You get a hint on how draw the scatter plot on this link on Stackoverflow.
Example (scottyab/rootbeer)
The repository scottyab/rootbeer has a total of 17 unique source files (‘.java’). It has a total
of 33 authors who have touched the 17 unique files (the data points in the graph) who have been
updating the files and committing their changes. The scatter plot below shows the authors
activities over time for the repository scottyab/rootbeer.
Task 3
Write a script to extract data from the following merged pull requests [11791, 11686, 11591, 12159, 12073, 11981, 11867, 11991, 12207, 11926, 11847]
in the repository apache/kafka.
Read about how to extract pull request
from the following site GitHub Pull Request API
For example, given a pull request number = 1347
for the repo octocat/Hello-World
, the follwoing API would return a json
file the pull request
details:
https://api.github.com/repos/octocat/Hello-World/pulls/1347
The file Pull request details
is an example output for the pull request number 11577
and 11686
for the repo apache/kafka.
Store the output in .csv
file.
Note on the Upcoming Quiz
- For this lab, the quiz will include a mix of MCQs and Short Answer Questions (SAQs).
- At least 4 of the 10 questions will be SAQs. These will require you to:
- Run or adapt the scripts you developed in the lab.

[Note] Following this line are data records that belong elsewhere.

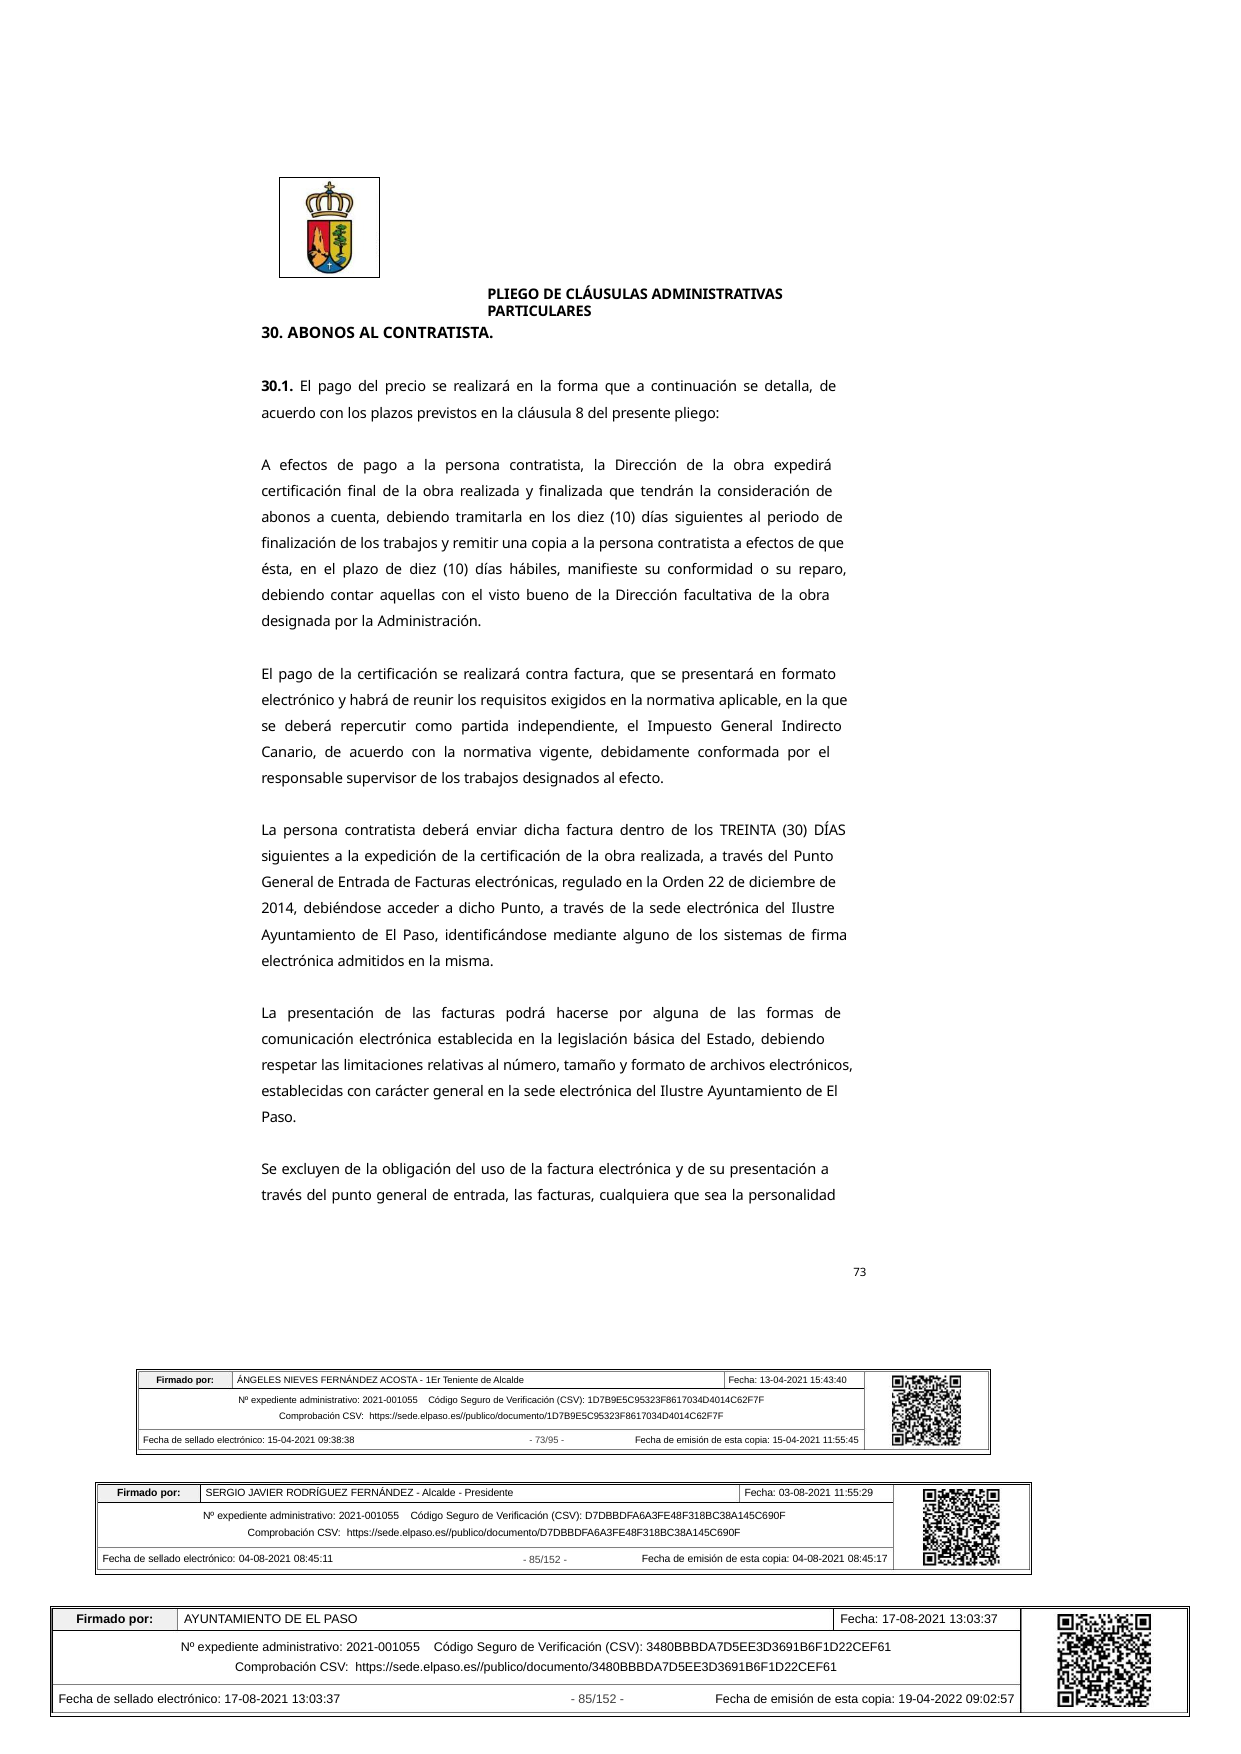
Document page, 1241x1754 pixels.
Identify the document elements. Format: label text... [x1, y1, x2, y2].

text A efectos de pago a la persona contratista, la Dirección de la obra expedirá [261, 456, 890, 473]
text Firmado por: [117, 1488, 196, 1499]
text Canario, de acuerdo con la normativa vigente, debidamente conformada por el [261, 744, 891, 761]
text 3 [261, 378, 269, 395]
text se deberá repercutir como partida independiente, el Impuesto General Indirecto [261, 718, 891, 735]
text Fecha de sellado electrónico: 17-08-2021 13:03:37 [58, 1692, 365, 1706]
text electrónico y habrá de reunir los requisitos exigidos en la normativa aplicable, en la que [261, 692, 891, 709]
text Comprobación CSV: https://sede.elpaso.es//publico/documento/3480BBBDA7D5EE3D3691B6F1D22CEF61 [235, 1661, 917, 1674]
text Nº expediente administrativo: 2021-001055 Código Seguro de Verificación (CSV): 3480BBBDA7D5EE3D3691B6F1D22CEF61 [181, 1640, 917, 1654]
text ÁNGELES NIEVES FERNÁNDEZ ACOSTA - 1Er Teniente de Alcalde [237, 1375, 552, 1385]
text debiendo contar aquellas con el visto bueno de la Dirección facultativa de la obra [261, 587, 890, 604]
text Firmado por: [156, 1375, 228, 1385]
text La presentación de las facturas podrá hacerse por alguna de las formas de [261, 1004, 890, 1021]
text finalización de los trabajos y remitir una copia a la persona contratista a efectos de que [261, 535, 890, 552]
text Comprobación CSV: https://sede.elpaso.es//publico/documento/1D7B9E5C95323F8617034D4014C62F7F [279, 1411, 788, 1421]
text La persona contratista deberá enviar dicha factura dentro de los TREINTA (30) DÍAS [261, 822, 890, 839]
text designada por la Administración. [261, 613, 890, 630]
text 2014, debiéndose acceder a dicho Punto, a través de la sede electrónica del Ilustre [261, 900, 890, 917]
text - 73/95 - [529, 1435, 578, 1446]
picture [96, 1483, 1031, 1574]
text General de Entrada de Facturas electrónicas, regulado en la Orden 22 de diciembre de [261, 874, 890, 891]
text electrónica admitidos en la misma. [261, 953, 890, 970]
text 73 [853, 1266, 883, 1279]
picture [137, 1370, 990, 1454]
text responsable supervisor de los trabajos designados al efecto. [261, 770, 891, 787]
text Fecha de emisión de esta copia: 15-04-2021 11:55:45 [635, 1435, 884, 1445]
text Nº expediente administrativo: 2021-001055 Código Seguro de Verificación (CSV): 1D7B9E5C95323F8617034D4014C62F7F [238, 1396, 788, 1406]
text 0. ABONOS AL CONTRATISTA. [270, 323, 512, 342]
text Paso. [261, 1109, 890, 1126]
text PLIEGO DE CLÁUSULAS ADMINISTRATIVAS PARTICULARES [487, 286, 890, 320]
text través del punto general de entrada, las facturas, cualquiera que sea la personalidad [261, 1187, 890, 1204]
text - 85/152 - [571, 1693, 643, 1707]
text SERGIO JAVIER RODRÍGUEZ FERNÁNDEZ - Alcalde - Presidente [205, 1488, 540, 1499]
text siguientes a la expedición de la certificación de la obra realizada, a través del Punto [261, 848, 890, 865]
text Comprobación CSV: https://sede.elpaso.es//publico/documento/D7DBBDFA6A3FE48F318BC38A145C690F [247, 1527, 812, 1539]
text comunicación electrónica establecida en la legislación básica del Estado, debiendo [261, 1031, 890, 1048]
text acuerdo con los plazos previstos en la cláusula 8 del presente pliego: [261, 405, 762, 422]
text ésta, en el plazo de diez (10) días hábiles, manifieste su conformidad o su reparo, [261, 561, 890, 578]
text abonos a cuenta, debiendo tramitarla en los diez (10) días siguientes al periodo de [261, 509, 890, 526]
text Firmado por: [76, 1612, 172, 1626]
text 0.1. El pago del precio se realizará en la forma que a continuación se detalla, de [269, 378, 890, 395]
text Ayuntamiento de El Paso, identificándose mediante alguno de los sistemas de firma [261, 927, 890, 943]
text - 85/152 - [523, 1554, 582, 1565]
text Fecha: 13-04-2021 15:43:40 [728, 1375, 864, 1385]
text establecidas con carácter general en la sede electrónica del Ilustre Ayuntamiento de El [261, 1083, 890, 1100]
text respetar las limitaciones relativas al número, tamaño y formato de archivos electrónicos, [261, 1057, 890, 1074]
picture [51, 1607, 1189, 1716]
text Fecha: 17-08-2021 13:03:37 [840, 1612, 1021, 1626]
text 3 [261, 323, 270, 342]
text El pago de la certificación se realizará contra factura, que se presentará en formato [261, 666, 891, 682]
text Fecha de sellado electrónico: 04-08-2021 08:45:11 [102, 1553, 359, 1565]
text Fecha de emisión de esta copia: 04-08-2021 08:45:17 [642, 1553, 912, 1565]
picture [280, 178, 379, 277]
text AYUNTAMIENTO DE EL PASO [184, 1612, 386, 1626]
text Nº expediente administrativo: 2021-001055 Código Seguro de Verificación (CSV): D7DBBDFA6A3FE48F318BC38A145C690F [203, 1510, 812, 1522]
text certificación final de la obra realizada y finalizada que tendrán la consideración de [261, 483, 890, 499]
text Fecha de sellado electrónico: 15-04-2021 09:38:38 [143, 1435, 379, 1445]
text Fecha de emisión de esta copia: 19-04-2022 09:02:57 [715, 1692, 1039, 1706]
text Fecha: 03-08-2021 11:55:29 [744, 1488, 893, 1499]
text Se excluyen de la obligación del uso de la factura electrónica y de su presentación a [261, 1161, 890, 1178]

- Copy and paste small outputs (e.g., top files, author activity, PR data).
- Write short explanations using your results, sometimes connecting them to reengineering patterns.
How to prepare:
- Make sure your lab scripts run correctly and produce the expected outputs.
- Save or bookmark key results (CSV, scatter plot, API responses) so you can access them quickly during the quiz.
- Review the patterns used in the lab (Learn from the Past, Tie Code and Questions, Study the Exceptional Entities) since you may need to apply them.